SUPPLIED DATA START
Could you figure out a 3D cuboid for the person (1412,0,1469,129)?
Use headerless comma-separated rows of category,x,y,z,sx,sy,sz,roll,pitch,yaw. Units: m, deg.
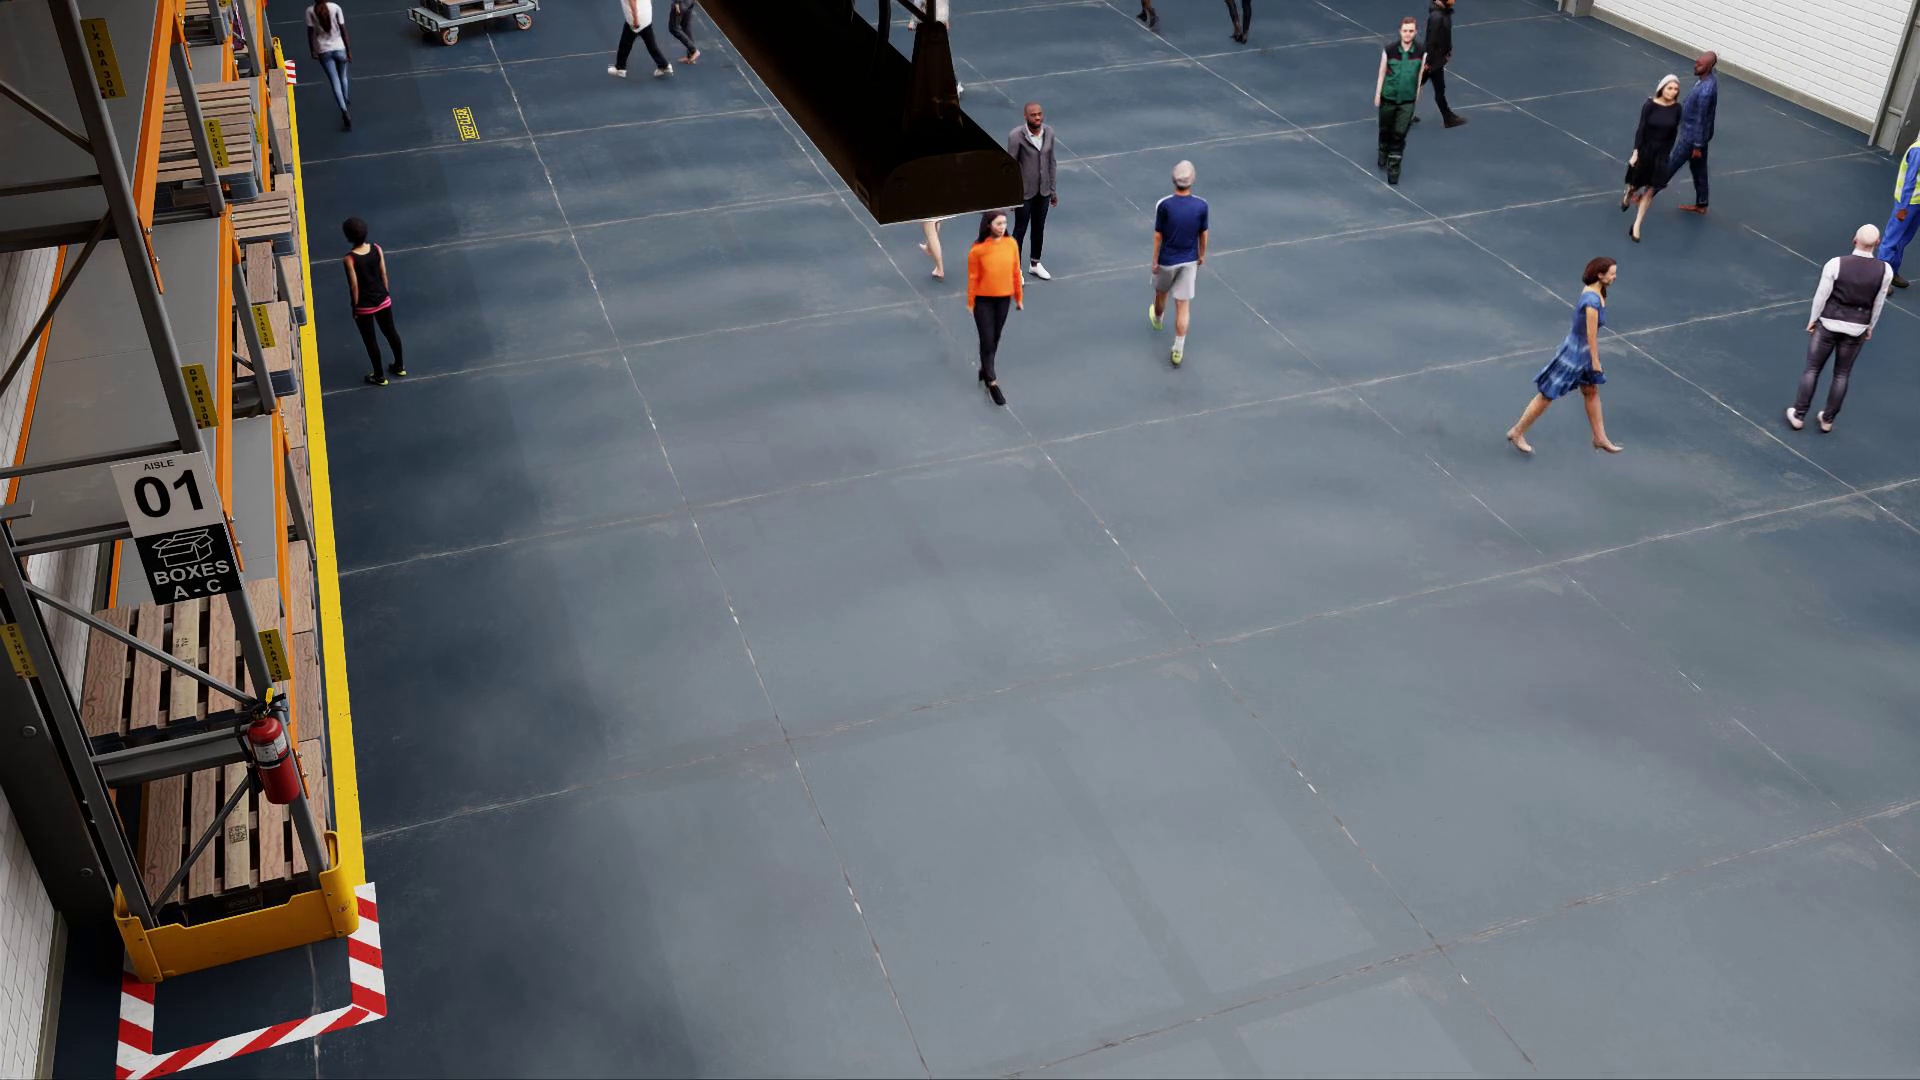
person,5.645,-5.852,20.113,1.124,1.730,1.107,12,35,17

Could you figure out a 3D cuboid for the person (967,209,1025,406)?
person,0.243,-2.099,14.465,0.712,1.732,0.917,-16,37,-23

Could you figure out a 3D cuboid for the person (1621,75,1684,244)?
person,7.176,-4.011,17.339,0.818,1.735,0.965,3,34,5

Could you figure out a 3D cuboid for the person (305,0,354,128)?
person,-7.607,-5.859,20.172,0.687,1.676,1.132,-15,37,-22

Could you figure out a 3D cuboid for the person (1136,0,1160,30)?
person,2.705,-7.958,23.703,0.597,1.263,0.913,-18,38,-25

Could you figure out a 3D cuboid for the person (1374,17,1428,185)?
person,4.936,-5.002,18.772,1.040,1.799,1.253,7,34,10

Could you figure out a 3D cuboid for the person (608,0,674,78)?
person,-4.142,-6.813,21.632,1.109,1.649,1.137,8,35,12

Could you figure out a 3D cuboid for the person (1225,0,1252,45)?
person,3.970,-7.707,22.899,0.697,1.735,0.675,-18,38,-25

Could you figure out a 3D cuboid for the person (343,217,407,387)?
person,-5.193,-2.119,14.657,0.656,1.553,0.621,22,39,29

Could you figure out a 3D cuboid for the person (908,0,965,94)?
person,-0.272,-6.529,21.054,1.308,1.816,1.152,21,39,28

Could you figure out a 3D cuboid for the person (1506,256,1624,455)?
person,4.890,-1.435,13.446,1.166,1.754,1.155,12,35,17

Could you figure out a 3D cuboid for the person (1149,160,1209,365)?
person,1.967,-2.454,14.950,0.902,1.786,1.218,-1,34,-2

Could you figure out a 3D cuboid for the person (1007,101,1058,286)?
person,0.694,-3.438,16.401,0.740,1.818,0.627,-16,37,-22

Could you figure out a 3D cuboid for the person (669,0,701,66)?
person,-3.622,-7.194,22.155,0.877,1.704,0.811,8,34,12

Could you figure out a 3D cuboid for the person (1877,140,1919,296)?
person,9.301,-3.320,16.228,0.707,1.813,0.656,-19,38,-26

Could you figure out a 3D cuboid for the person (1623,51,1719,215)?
person,7.929,-4.303,17.747,1.200,1.769,1.148,15,36,21

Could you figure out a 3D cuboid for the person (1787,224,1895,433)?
person,7.349,-1.761,13.875,0.775,1.823,0.808,10,35,15
SUPPLIED DATA END
WORK ITEM: Go through the listing above and write it out again exactly, dropping the pictures.

SOLUTION FOR THIS TASK:
Could you figure out a 3D cuboid for the person (1412,0,1469,129)?
Use headerless comma-separated rows of category,x,y,z,sx,sy,sz,roll,pitch,yaw. Units: m, deg.
person,5.645,-5.852,20.113,1.124,1.730,1.107,12,35,17

Could you figure out a 3D cuboid for the person (967,209,1025,406)?
person,0.243,-2.099,14.465,0.712,1.732,0.917,-16,37,-23

Could you figure out a 3D cuboid for the person (1621,75,1684,244)?
person,7.176,-4.011,17.339,0.818,1.735,0.965,3,34,5

Could you figure out a 3D cuboid for the person (305,0,354,128)?
person,-7.607,-5.859,20.172,0.687,1.676,1.132,-15,37,-22

Could you figure out a 3D cuboid for the person (1136,0,1160,30)?
person,2.705,-7.958,23.703,0.597,1.263,0.913,-18,38,-25

Could you figure out a 3D cuboid for the person (1374,17,1428,185)?
person,4.936,-5.002,18.772,1.040,1.799,1.253,7,34,10

Could you figure out a 3D cuboid for the person (608,0,674,78)?
person,-4.142,-6.813,21.632,1.109,1.649,1.137,8,35,12

Could you figure out a 3D cuboid for the person (1225,0,1252,45)?
person,3.970,-7.707,22.899,0.697,1.735,0.675,-18,38,-25

Could you figure out a 3D cuboid for the person (343,217,407,387)?
person,-5.193,-2.119,14.657,0.656,1.553,0.621,22,39,29

Could you figure out a 3D cuboid for the person (908,0,965,94)?
person,-0.272,-6.529,21.054,1.308,1.816,1.152,21,39,28

Could you figure out a 3D cuboid for the person (1506,256,1624,455)?
person,4.890,-1.435,13.446,1.166,1.754,1.155,12,35,17

Could you figure out a 3D cuboid for the person (1149,160,1209,365)?
person,1.967,-2.454,14.950,0.902,1.786,1.218,-1,34,-2

Could you figure out a 3D cuboid for the person (1007,101,1058,286)?
person,0.694,-3.438,16.401,0.740,1.818,0.627,-16,37,-22

Could you figure out a 3D cuboid for the person (669,0,701,66)?
person,-3.622,-7.194,22.155,0.877,1.704,0.811,8,34,12

Could you figure out a 3D cuboid for the person (1877,140,1919,296)?
person,9.301,-3.320,16.228,0.707,1.813,0.656,-19,38,-26

Could you figure out a 3D cuboid for the person (1623,51,1719,215)?
person,7.929,-4.303,17.747,1.200,1.769,1.148,15,36,21

Could you figure out a 3D cuboid for the person (1787,224,1895,433)?
person,7.349,-1.761,13.875,0.775,1.823,0.808,10,35,15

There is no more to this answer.